Where Does $100 to the Children’s Hospital Foundation Go?
The Children’s Hospital Foundation (CHF) serves as the fundraising arm for the Children’s National Medical Center (also known as the Children’s Hospital) in Washington, DC. Typically non-profits post revenue and four types of expenses (program, grants, management, and fundraising) but CHF reports the revenue from fundraising and the costs associated with the fundraising and the grants awarded. The Children’s Hospital reports the revenue collected (primarily from patients and insurance) and the costs of the programs and management.

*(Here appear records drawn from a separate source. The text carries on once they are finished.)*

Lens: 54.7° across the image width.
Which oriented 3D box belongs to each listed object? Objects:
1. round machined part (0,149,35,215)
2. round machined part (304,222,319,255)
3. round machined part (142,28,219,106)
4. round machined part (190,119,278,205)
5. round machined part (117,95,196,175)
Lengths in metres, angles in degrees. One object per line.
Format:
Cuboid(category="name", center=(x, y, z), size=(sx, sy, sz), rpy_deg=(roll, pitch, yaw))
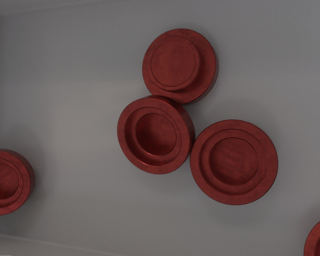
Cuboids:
Cuboid(category="round machined part", center=(-0.242, 0.080, 0.474), size=(0.099, 0.042, 0.097), rpy_deg=(0, 94, -5))
Cuboid(category="round machined part", center=(0.204, 0.139, 0.313), size=(0.098, 0.042, 0.098), rpy_deg=(-22, 50, 30))
Cuboid(category="round machined part", center=(0.022, -0.078, 0.394), size=(0.098, 0.042, 0.097), rpy_deg=(0, 90, 20))
Cuboid(category="round machined part", center=(0.089, 0.039, 0.370), size=(0.098, 0.042, 0.097), rpy_deg=(0, 90, 20))
Cuboid(category="round machined part", center=(-0.001, 0.006, 0.393), size=(0.098, 0.042, 0.097), rpy_deg=(8, 109, 23))

The Children’s Hospital raised $1.062 billion in 2016, of which $1.045 billion was from patient and program services meaning 98% of revenue comes from patients (including insurance) and program services. Although there appears to be a shortfall of about $17 million, the Children’s Hospital also collected $35 million from contributions, a grant from CHF, government grants, investment income, parking, and lab income which was partially offset by a $18 million loss on investments. The bottom line is that 98% of the income of the hospital came from patients (including insurance) and program services.
Expenses for the Children’s Hospital were $1.037 billion (not including depreciation) which means the hospital was self-sustaining. Even if the hospital was not self-sustaining, the organization had $534 million in net fund assets at year-end (all of which were unrestricted).

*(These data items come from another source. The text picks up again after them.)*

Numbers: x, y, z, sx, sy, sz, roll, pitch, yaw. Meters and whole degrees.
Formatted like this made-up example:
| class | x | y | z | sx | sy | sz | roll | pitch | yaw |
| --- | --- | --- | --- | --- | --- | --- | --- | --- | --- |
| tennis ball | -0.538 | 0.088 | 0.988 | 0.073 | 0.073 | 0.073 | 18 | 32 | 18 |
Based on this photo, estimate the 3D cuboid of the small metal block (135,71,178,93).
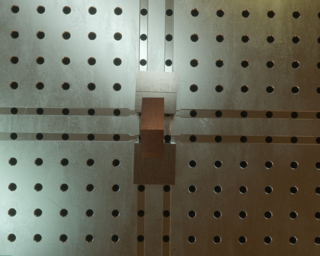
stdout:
| class | x | y | z | sx | sy | sz | roll | pitch | yaw |
| --- | --- | --- | --- | --- | --- | --- | --- | --- | --- |
| small metal block | -0.004 | -0.056 | 0.400 | 0.050 | 0.050 | 0.025 | 2 | 90 | -1 |

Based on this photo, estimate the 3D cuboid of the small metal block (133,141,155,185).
| class | x | y | z | sx | sy | sz | roll | pitch | yaw |
| --- | --- | --- | --- | --- | --- | --- | --- | --- | --- |
| small metal block | -0.019 | 0.043 | 0.400 | 0.025 | 0.050 | 0.050 | 1 | 90 | 0 |

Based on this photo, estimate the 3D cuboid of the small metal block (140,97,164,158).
| class | x | y | z | sx | sy | sz | roll | pitch | yaw |
| --- | --- | --- | --- | --- | --- | --- | --- | --- | --- |
| small metal block | -0.008 | 0.000 | 0.359 | 0.025 | 0.050 | 0.050 | 1 | 48 | 0 |

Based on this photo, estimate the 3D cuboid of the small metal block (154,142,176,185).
| class | x | y | z | sx | sy | sz | roll | pitch | yaw |
| --- | --- | --- | --- | --- | --- | --- | --- | --- | --- |
| small metal block | 0.006 | 0.044 | 0.400 | 0.025 | 0.050 | 0.050 | 1 | 90 | 0 |

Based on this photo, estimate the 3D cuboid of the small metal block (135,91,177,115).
| class | x | y | z | sx | sy | sz | roll | pitch | yaw |
| --- | --- | --- | --- | --- | --- | --- | --- | --- | --- |
| small metal block | -0.005 | -0.031 | 0.400 | 0.050 | 0.050 | 0.025 | 2 | 90 | -1 |

The IRS Form 990 (2016) reports CHF raised $71.3 million from four sources:
- $51.1 million: Contributions, Gifts, and Grants
- $ 7.5 million: Fundraising Events ($8.5 million less $1 million in fundraising event losses)
- $ 9.2 million: Investment Income
- $ 3.5 million: Gain on the sale of assets
Expenses totaled $47.8 million and were reported as follows:
- $10.8 million (15% of revenue): Salaries, Benefits, Pensions, and Payroll Taxes
- $ 3.9 million (5% of revenue): Overhead (no detail provided)
- $ 3.2 million (4% of revenue): Other Expenses (no detail provided)
- $ 2.0 million (3% of revenue): Fees for Services (Fundraising and Legal)
- $1.9 million (3% of revenue): Office, IT, and Occupancy
- $ .9 million (1% of revenue): Travel and Conferences
- $ .5 million (1% of revenue): Advertising and Promotion
- $23.2 million (32% of revenue): Subtotal Expenses (to manage the foundation and do fundraising)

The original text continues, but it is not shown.